Likewise, substantial evidencesupports the Department's determination to exclude certain laboratory and X-ray costs in establishing petitioner's reimbursement rate. Inasmuch as the costs at issue were reimbursed through Medicare Part A — as conceded by petitioner's counsel during the hearing — reimbursement therefor was not available from Medicaid, as the payor of last resort (see Matter of Visiting Nurse Serv. of N.Y. Home Care v New York State Dept. of Health, 5 N.Y.3d 499, 503 [2005]; Matter of Rego Park Nursing Home v Perales, 206 A.D.2d 781, 783 [1994]; see also 18 NYCRR 540.6 [e] [6]). Moreover, evidence showed that petitioner did not provide laboratory and X-ray services to Medicaid patients at the facility and, thus, any services provided by third-party providers that were the responsibility of Medicaid would have been billed by the providers and reimbursed separately on a fee-for-service basis under the patient's individual Medicaid number. Because petitioner failed to provide evidence that it incurred any costs for laboratory or X-ray services for Medicaid patients or that it was not fully compensated for such costs by Medicare, those costs were properly disallowed for inclusion in the calculation of petitioner's daily rate.

Petitioner next challenges the disallowance of $2, 719 in uniform expenses, representing the difference between the amount it expended to purchase uniforms in bulk and the amount it received from the employees who purchased them from petitioner. The Department disallowed this expense, asserting that it was related to uniforms held in inventory for future sales, and petitioner failed to proffer any evidence to refute such contention. Accordingly, substantial evidence supports the Department's determination that this expense was not necessary for petitioner's day-to-day operation and, therefore, should not be included (see 10 NYCRR 451.23; Matter of Teresian House Nursing Home Co., Inc. v Commissioner of Health of State of N.Y., 70 A.D.3d at 1296).

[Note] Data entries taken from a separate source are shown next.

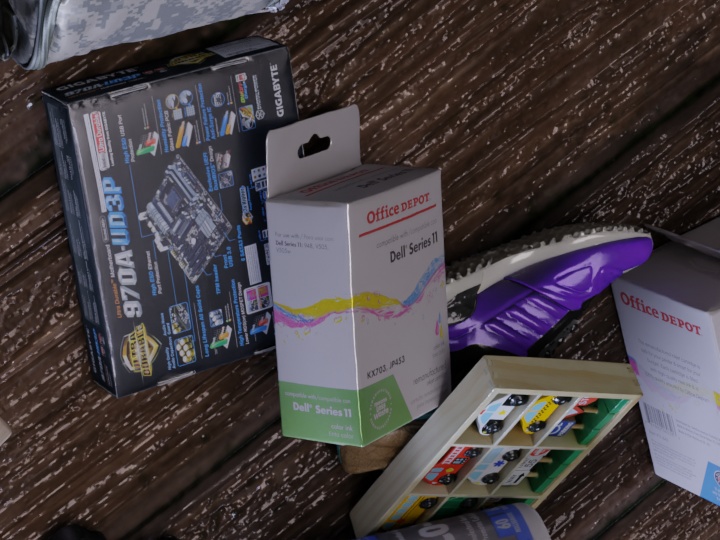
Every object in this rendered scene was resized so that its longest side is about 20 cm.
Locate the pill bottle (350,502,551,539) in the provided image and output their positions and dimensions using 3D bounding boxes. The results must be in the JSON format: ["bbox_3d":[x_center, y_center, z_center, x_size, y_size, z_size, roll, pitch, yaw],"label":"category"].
[{"bbox_3d":[0.034,0.234,1.524,0.198,0.114,0.115,-11,109,-11],"label":"pill bottle"}]

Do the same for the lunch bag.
[{"bbox_3d":[-0.134,-0.218,1.322,0.199,0.139,0.169,-19,128,-24],"label":"lunch bag"}]

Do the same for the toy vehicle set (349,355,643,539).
[{"bbox_3d":[0.091,0.127,1.523,0.123,0.027,0.200,4,142,-31],"label":"toy vehicle set"}]

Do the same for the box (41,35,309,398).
[{"bbox_3d":[-0.110,-0.035,1.428,0.158,0.046,0.202,-18,111,-25],"label":"box"}]

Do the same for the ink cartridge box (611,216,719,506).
[{"bbox_3d":[0.279,0.056,1.625,0.125,0.128,0.201,-25,115,-22],"label":"ink cartridge box"}]

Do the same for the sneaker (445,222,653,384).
[{"bbox_3d":[0.118,0.031,1.553,0.199,0.070,0.100,-18,98,-15],"label":"sneaker"}]

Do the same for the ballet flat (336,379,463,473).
[{"bbox_3d":[0.069,0.115,1.565,0.199,0.068,0.073,-4,125,-28],"label":"ballet flat"}]

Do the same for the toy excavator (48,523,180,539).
[{"bbox_3d":[-0.147,0.287,1.478,0.193,0.100,0.201,13,110,-32],"label":"toy excavator"}]

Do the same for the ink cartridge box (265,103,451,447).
[{"bbox_3d":[0.000,0.000,1.438,0.117,0.067,0.202,-24,114,-53],"label":"ink cartridge box"}]

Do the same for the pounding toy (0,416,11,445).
[{"bbox_3d":[-0.335,0.084,1.276,0.184,0.142,0.200,-45,120,-12],"label":"pounding toy"}]
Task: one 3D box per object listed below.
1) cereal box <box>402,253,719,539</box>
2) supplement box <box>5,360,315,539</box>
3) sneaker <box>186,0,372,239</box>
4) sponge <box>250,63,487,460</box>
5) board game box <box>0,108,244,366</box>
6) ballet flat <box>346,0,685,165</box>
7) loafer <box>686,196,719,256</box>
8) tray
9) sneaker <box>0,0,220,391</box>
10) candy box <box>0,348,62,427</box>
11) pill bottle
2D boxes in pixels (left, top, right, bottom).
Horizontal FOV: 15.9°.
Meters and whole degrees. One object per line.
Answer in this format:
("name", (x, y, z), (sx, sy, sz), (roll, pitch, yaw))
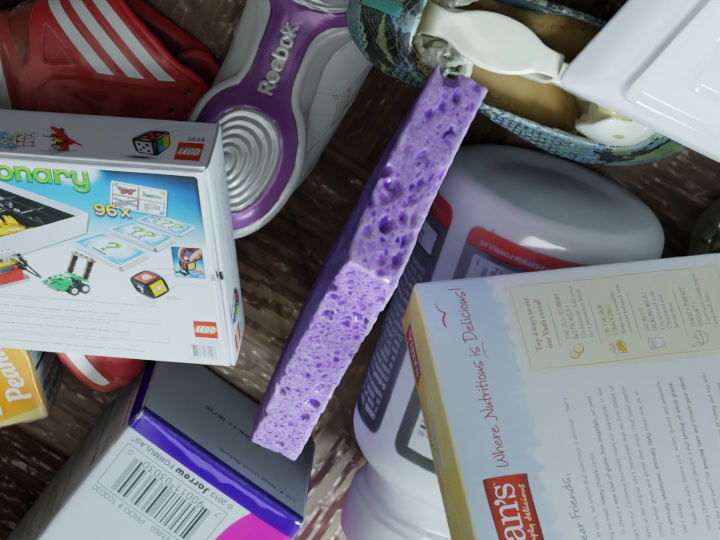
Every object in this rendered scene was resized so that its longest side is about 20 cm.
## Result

Finally, we reject petitioner's challenge to the disallowance of certain interest expenses paid on working capital loans from its funded depreciation account. While such interest is an allowable expense, the existence of the loan must be substantiated by a signed copy of a loan contract or correspondence that contains the pertinent terms thereof (see Centers for Medicare and Medicaid Services, Provider Reimbursement Manual, Part 1, §§ 202.1, 226.1; see also 10 NYCRR 86-2.17 [a]). Here, petitioner failed to provide the necessary documentation. Moreover, petitioner presented no evidence that specific authorization from the Board of Directors for any such loans was on file, as required by the regulations (see Centers for Medicare and Medicaid Services, Provider Reimbursement Manual, Part 1, § 202.1). Accordingly, substantial evidence supports the Department's disallowance of this expense.

We have examined petitioner's remaining contentions and have found them to be without merit.

Spain, Garry and Egan Jr., JJ., concur.

ADJUDGED that the determination is confirmed, without costs, and petition dismissed.